Explainer: Sustainable Development Goal 5
In 2015, recognizing the global nature of challenges like poverty, inequality and climate change, UN Member states universally adopted the 2030 Sustainable Development Agenda. Resolving to meet these matters head on, the international community set forth an ambitious vision for the future.
The Agenda encompasses three core elements: economic growth, social inclusion and environmental protection. Together, these interconnected principles form the basis of the 17 Sustainable Development Goals (SDGs), which provide a blueprint for progress across all areas of life.
Gender is woven throughout the SDGs as it sits at the intersection of economic, social and environmental issues. It has its own Goal, SDG 5—with the ambition of achieving gender equality and empowering all women and girls—and is mentioned explicitly in 10 of the other Goals.
Each SDG contains specific objectives that can be measured and tracked over time. Like a global checklist, these objectives allow us to check our progress as we approach the 2030 deadline. There are nine objectives within SDG 5, which UN Women and UNDESA take annual stock of in our Gender Snapshot report.
Learn more about these nine objectives, and find out how near—or far—we are from reaching them in 2022.
End discrimination
Gender-based discrimination has long kept women and girls subordinate to men in the workplace, in politics and at home. In some countries such discrimination persists in the law—legally barring women, for example, from certain professions—while in others economic barriers like the gender pay gap prevent women from experiencing full equality. Ending gender-based discrimination will require laws and frameworks that promote, enforce and monitor gender equality across all areas of life.

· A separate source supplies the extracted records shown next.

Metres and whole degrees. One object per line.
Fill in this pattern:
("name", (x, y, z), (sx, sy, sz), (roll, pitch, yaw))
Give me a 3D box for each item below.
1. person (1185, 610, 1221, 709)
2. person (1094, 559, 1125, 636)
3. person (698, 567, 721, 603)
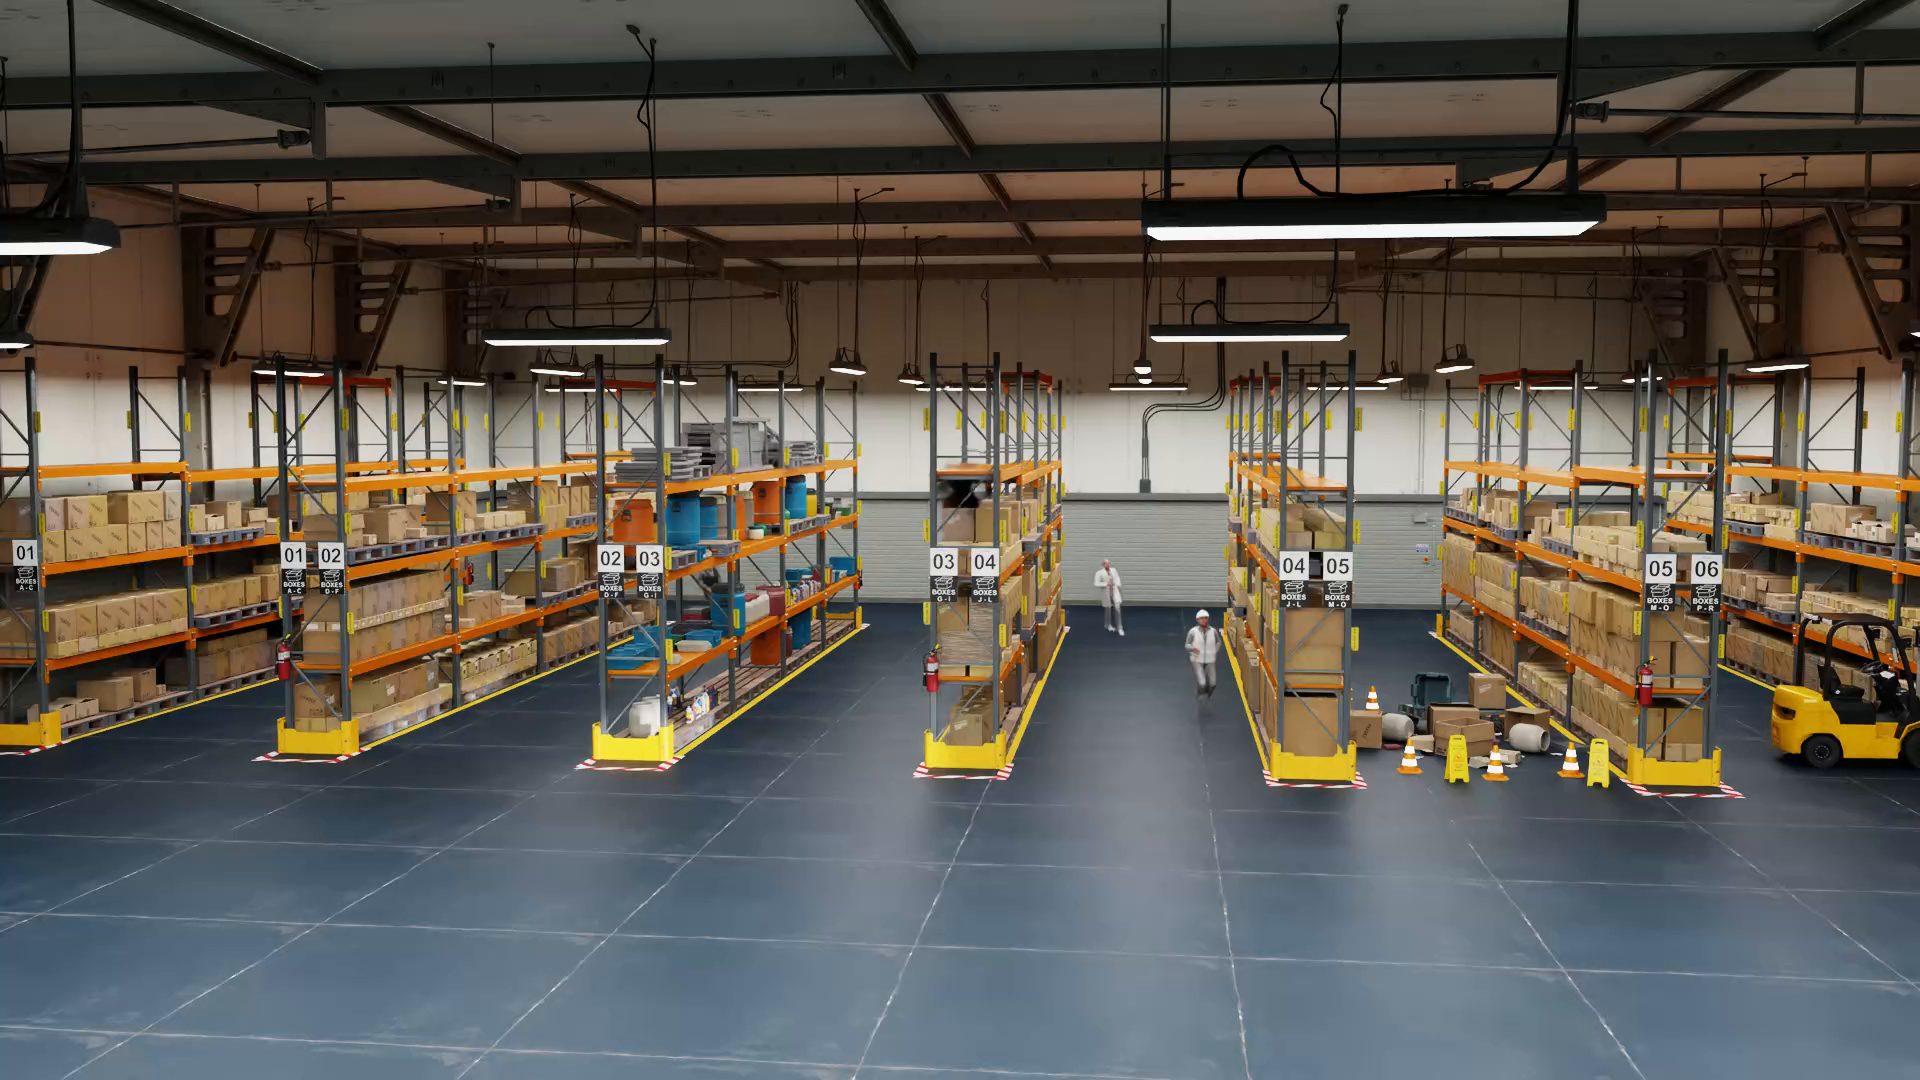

This means equal access to employment and economic benefits, including both laws against workplace discrimination and systems in place to address violations. It means laws on violence against women—legislation specifically addressing sexual harassment, for example, or criminalizing rape within marriage. It encompasses equal rights and protections within marriage and the family, such as the right to initiate a divorce or be recognized as head of household, as well as dedicated family courts to protect such rights. And it includes equality in overarching legal frameworks like constitutions, as well as the equal right to run for and hold public office.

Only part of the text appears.